Um debate ainda cercado de tabus
No Brasil, a discussão sobre eutanásia e
suicídio assistido ainda divide opiniões e desperta fortes emoções. Médicos,
juristas, religiosos e familiares de pacientes terminais frequentemente se veem
em campos opostos. Para uns, trata-se de uma questão de autonomia e dignidade —
o direito de escolher o próprio destino quando não há mais perspectiva de cura.
Para outros, a prática fere princípios éticos e espirituais, pois seria uma violação
da sacralidade da vida.
Luciana reconhece que o caminho será longo.

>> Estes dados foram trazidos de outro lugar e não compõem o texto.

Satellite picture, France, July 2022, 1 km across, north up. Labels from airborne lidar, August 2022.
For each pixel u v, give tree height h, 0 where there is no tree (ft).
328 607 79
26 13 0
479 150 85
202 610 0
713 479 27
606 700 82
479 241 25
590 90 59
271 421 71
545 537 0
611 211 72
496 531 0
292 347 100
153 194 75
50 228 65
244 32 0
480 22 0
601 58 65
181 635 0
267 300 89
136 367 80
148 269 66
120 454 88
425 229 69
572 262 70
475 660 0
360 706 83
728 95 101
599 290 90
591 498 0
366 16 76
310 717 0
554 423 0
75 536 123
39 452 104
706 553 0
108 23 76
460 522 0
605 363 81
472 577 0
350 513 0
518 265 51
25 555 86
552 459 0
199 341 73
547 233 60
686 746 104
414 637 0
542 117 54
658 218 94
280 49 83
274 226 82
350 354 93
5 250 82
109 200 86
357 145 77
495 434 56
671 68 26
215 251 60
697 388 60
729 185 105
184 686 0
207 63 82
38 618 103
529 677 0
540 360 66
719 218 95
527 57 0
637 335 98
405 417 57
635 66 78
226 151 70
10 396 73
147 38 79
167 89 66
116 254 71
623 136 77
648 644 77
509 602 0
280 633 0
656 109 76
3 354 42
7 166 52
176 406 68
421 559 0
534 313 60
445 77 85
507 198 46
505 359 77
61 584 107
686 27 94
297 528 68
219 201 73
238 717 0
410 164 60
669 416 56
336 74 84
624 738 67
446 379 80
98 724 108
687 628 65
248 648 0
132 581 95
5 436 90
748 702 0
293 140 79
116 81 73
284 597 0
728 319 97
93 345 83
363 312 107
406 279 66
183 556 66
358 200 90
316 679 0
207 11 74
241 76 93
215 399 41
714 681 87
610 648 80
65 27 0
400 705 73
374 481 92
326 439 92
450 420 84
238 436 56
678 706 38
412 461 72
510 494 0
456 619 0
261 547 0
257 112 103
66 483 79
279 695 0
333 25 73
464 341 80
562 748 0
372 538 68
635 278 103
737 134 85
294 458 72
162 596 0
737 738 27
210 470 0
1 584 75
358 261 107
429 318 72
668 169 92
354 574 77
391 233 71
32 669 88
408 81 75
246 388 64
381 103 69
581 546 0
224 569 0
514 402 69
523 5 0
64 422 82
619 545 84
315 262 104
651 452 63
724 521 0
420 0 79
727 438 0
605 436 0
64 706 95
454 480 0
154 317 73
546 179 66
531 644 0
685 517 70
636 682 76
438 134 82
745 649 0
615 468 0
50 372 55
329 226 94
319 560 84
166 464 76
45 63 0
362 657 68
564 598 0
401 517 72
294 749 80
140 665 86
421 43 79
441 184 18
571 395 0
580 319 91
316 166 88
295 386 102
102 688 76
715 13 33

“Não estamos falando de cometer eutanásia em crianças ou pessoas sem capacidade
decisória, mas em adultos lúcidos, conscientes e com diagnósticos
irreversíveis”, explica. O objetivo, segundo ela, é trazer racionalidade e
empatia a uma pauta que costuma ser tratada apenas com medo ou preconceito.
O
mundo e a morte assistida
Atualmente, pouco mais de dez países permitem
algum tipo de morte assistida. Em alguns, a legislação contempla apenas a
eutanásia (quando um profissional aplica uma substância letal a pedido do
paciente); em outros, o suicídio assistido (quando o paciente toma o
medicamento por conta própria, sob supervisão médica). Há ainda países que
permitem ambas as práticas.
O Uruguai é o caso mais recente: o Senado
aprovou um projeto que descriminaliza e regulamenta a eutanásia, aguardando
apenas a promulgação pelo presidente Yamandu Orsi, que já demonstrou apoio à
lei.
Entre todos os países que tratam do tema,
apenas a Suíça aceita receber estrangeiros para o procedimento, na modalidade
de suicídio assistido — o que tem feito do país um destino controverso para
pessoas que desejam morrer com dignidade.
A
criação da “Eu Decido”
A iniciativa de fundar a Eu Decido nasceu do
diálogo entre profissionais e pensadores de diferentes áreas — médicos,
advogados, psicólogos, jornalistas e artistas — que já vinham discutindo o tema
de forma isolada. Entre eles estão nomes como Andreas Kisser, músico e
idealizador do Movimento Mãetrícia; Adriano Silva, autor do livro “O Dia em Que
Eva Decidiu Morrer”; e Vitor Hugo Brandalise, jornalista e autor de “O Último
Abraço: Uma História Real Sobre Eutanásia no Brasil”.
Luciana conta que, após conhecer associações
similares na Suíça, Holanda e Espanha, percebeu que o Brasil carecia de uma
instituição que tratasse o assunto de forma ética, técnica e humanizada. “Achei
que era chegada a hora, mesmo com o país vivendo um momento de polarização
social e política importante”, afirma.
Morrer com dignidade: um novo olhar sobre o
fim da vida
O objetivo da Eu Decido não é apenas lutar por
uma mudança legal, mas também transformar a maneira como o país encara o fim da
vida. A morte, segundo Luciana, precisa deixar de ser um tema proibido e passar
a ser vista como parte do ciclo natural da existência.
“Discutir o processo de
morrer é também falar de autonomia, compaixão e dignidade. É entender que
prolongar o sofrimento nem sempre é um ato de amor”, resume a ativista.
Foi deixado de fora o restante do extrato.